Finding the radius from the center is actually the same as finding the hypotenuse of a right angled triangle so we finally have a use for Pythagoras' theorem.


Reads in English, radius is equal to the square root of the distance of X from there center plus the distance of Y from the center.

I did have the length function always returning a positive length but this proved problematic later on, so it just subtracts the second parameter from the first now.

Now we have the radius we need the angle, this time we use trigonometry.

	precalc = length((int)sx,(int)cx) / r;
	angle = (180D/Math.PI) * Math.asin(precalc); 

Now this looks complicated but is the infamous sin(x) = Opp/Hyp and is where I hit my first hurdle, although most books and people will tell you to use sin to the power of minus one that is a short cut of saying use the asin function in radian mode.
So the first line does the Opp/Hyp and the second line converts the answer to degrees.

We have our radius and the angle from the center, or do we ?
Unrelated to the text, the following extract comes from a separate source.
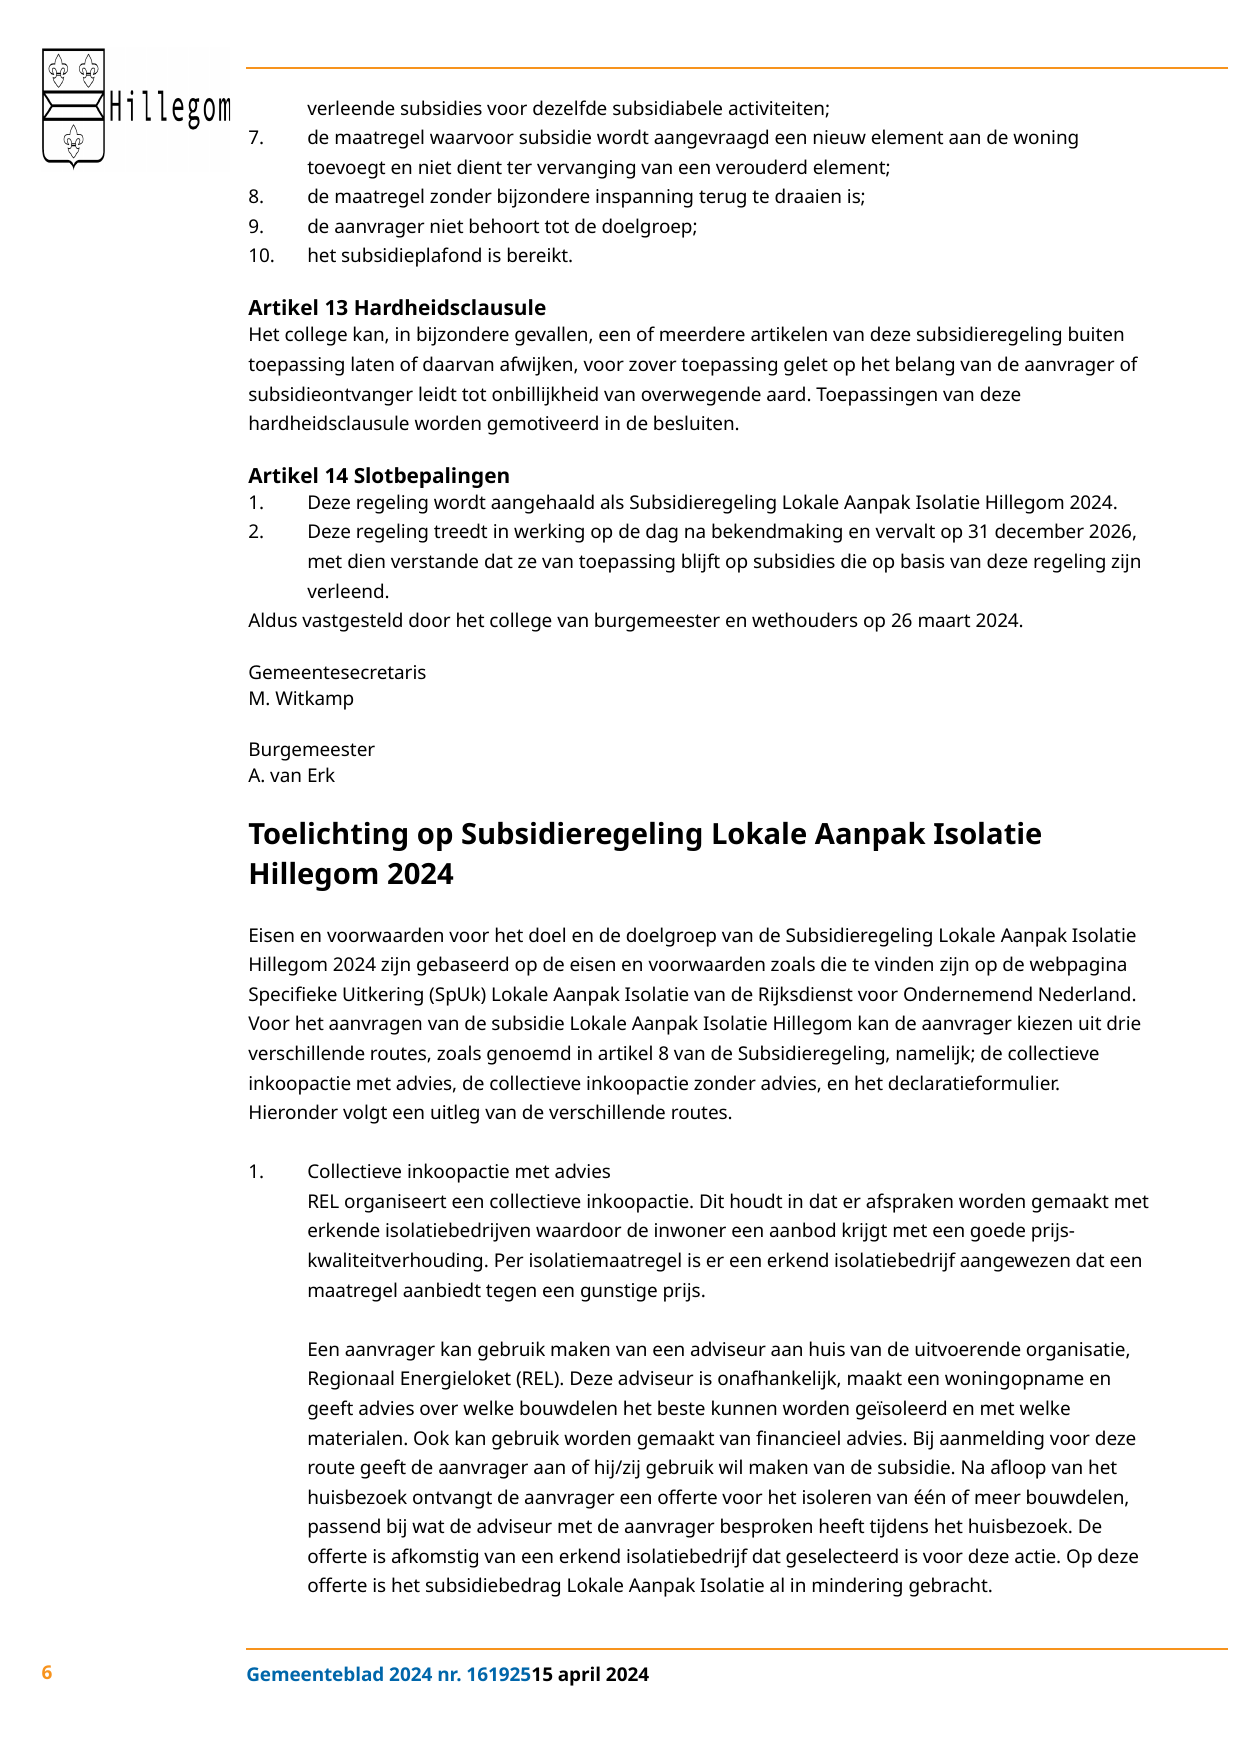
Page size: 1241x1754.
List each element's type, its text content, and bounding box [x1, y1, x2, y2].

Using the third applet above click anywhere in the eight segments and you will see the result (in blue) is always on the right hand side, denoting an angle of between 0-180.
As this is a measurable error for each quarter of the circle a quadrantCorrection function is straight forward to write(see

So how can we use the radius, the angle and nothing apart from the location of the center of the circle to plot and point denoting that location in 2D space ?
More trigonometry;
	rangle = angle * Math.PI /180D;
	xa = Math.cos(rangle) * r + cx;
	ya = Math.sin(rangle) * r + cy;
Where angle is first converted from degrees to rangle in radians and then the X coordinate can be calculated with cos and the Y coordinate with sin (r = radius and cx,cy are the center of the circle).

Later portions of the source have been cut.